Sala da commissão, 9 de abril de 1867. = Conde de Fornos de Algodres = Visconde de Seabra = Alberto Antonio de Moraes Carvalho = Rodrigo de Castro Menezes Pita. PROPOSTAS

Proponho que se nomeie uma commissão especial de cinco membros, para que, depois de um detido exame sobre a lei de 11 de abril de 1845, e reconhecida a sua inefficacia e defeitos para se conseguir o alto fim a que se propoz, apresente a esta camara um projecto de lei que tenda a estabelecer:

1.° As categorias, dentro das quaes se póde exercer á attribuição designada no artigo 74.° § 1.° da carta constitucional.
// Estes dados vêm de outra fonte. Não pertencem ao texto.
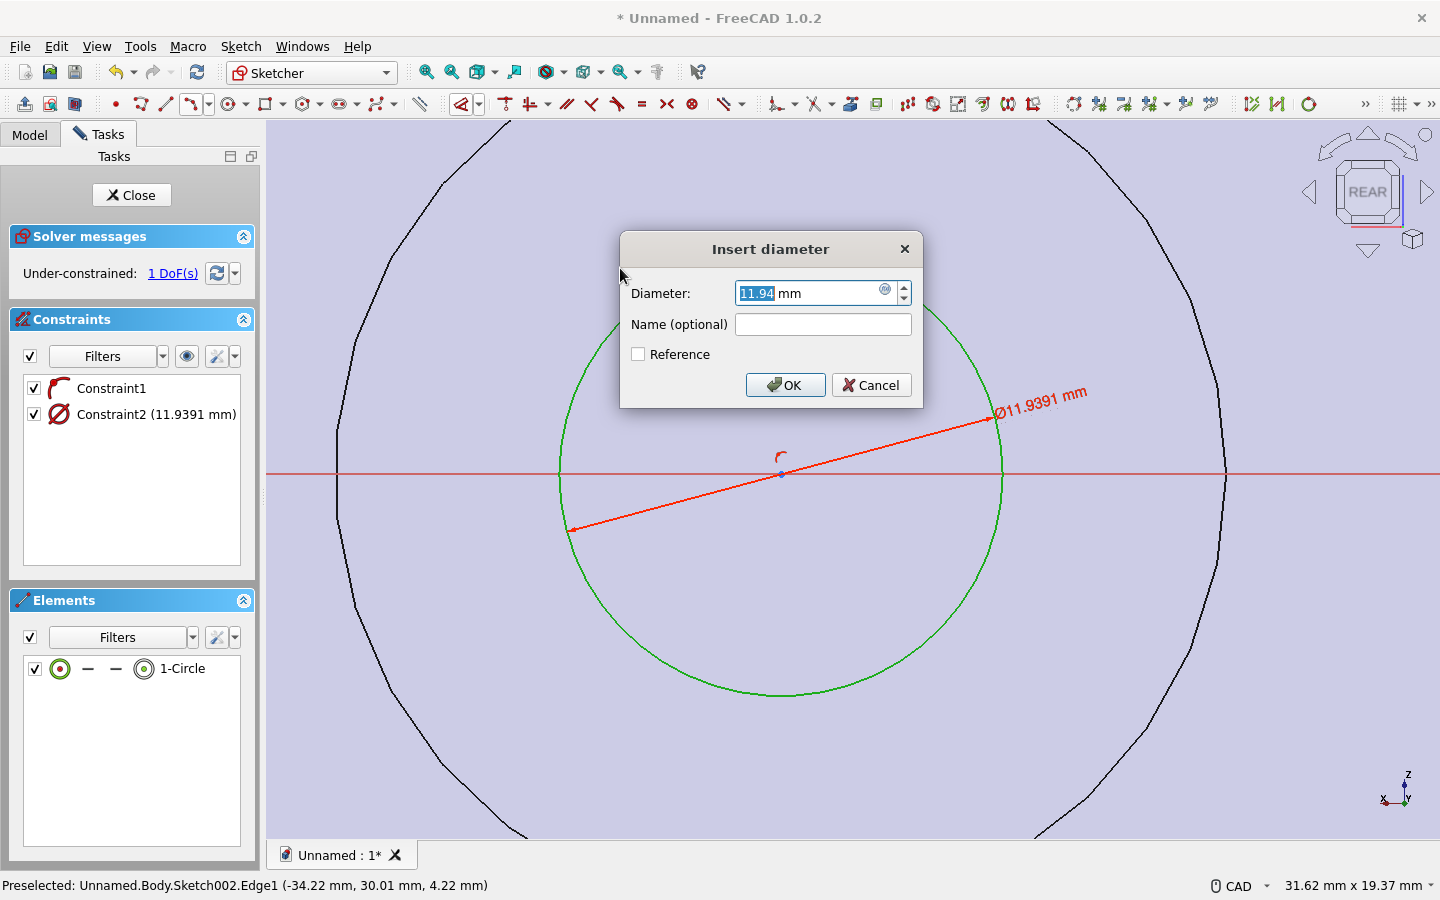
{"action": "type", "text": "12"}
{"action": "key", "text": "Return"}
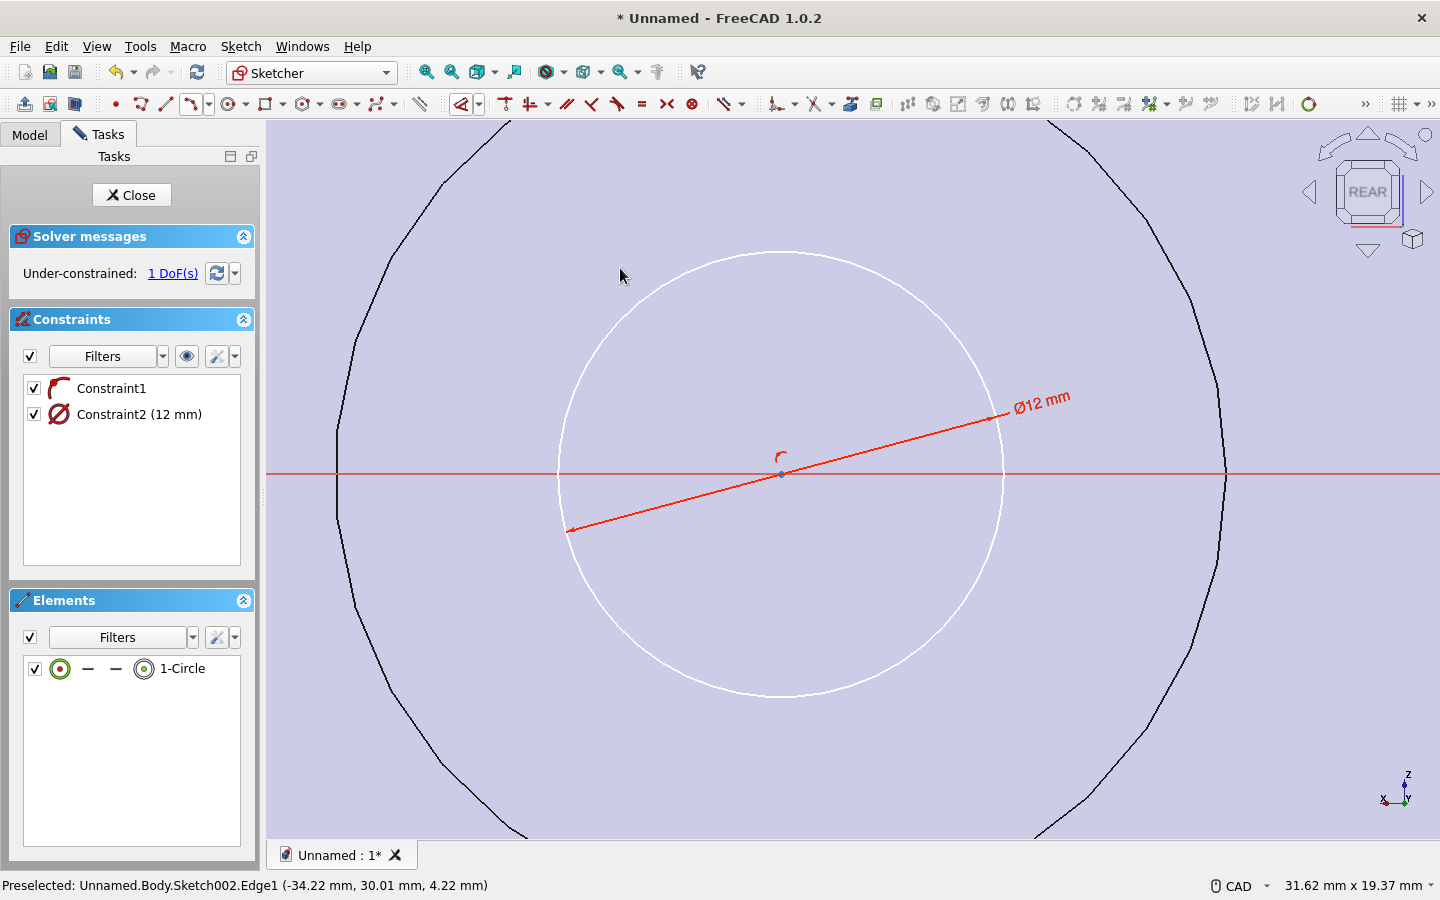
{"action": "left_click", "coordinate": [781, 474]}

2.° Os termos precisos e requisitos indispensaveis para que, na esphera do direito hereditario, se fixe e determine a capacidade successoria. = Silva Cabral.

Proponho que a moção de ordem do digno par, o sr. Silva Cabral, seja remettida a uma commissão para sobre ella dar o seu parecer. = Visconde de Chancelleiros.

Approvada em sessão de 8 de fevereiro de 1867. Á commissão de legislação.

O sr. Presidente: — Tem a palavra o sr. Silva Cabral.

O sr. Silva Cabral: — Sr. presidente, pertenço á commissão de legislação, e presidi á sessão em que se tratou d'este objecto; e se não venho assignado n'este parecer facilmente se comprehenderá, notando a maneira honrosa com que os meus dignos collegas entenderam, dever referir-se á minha pessoa. Fico aqui, porque me não esquecerei jamais que laus in ore proprio envilescit (apoiados).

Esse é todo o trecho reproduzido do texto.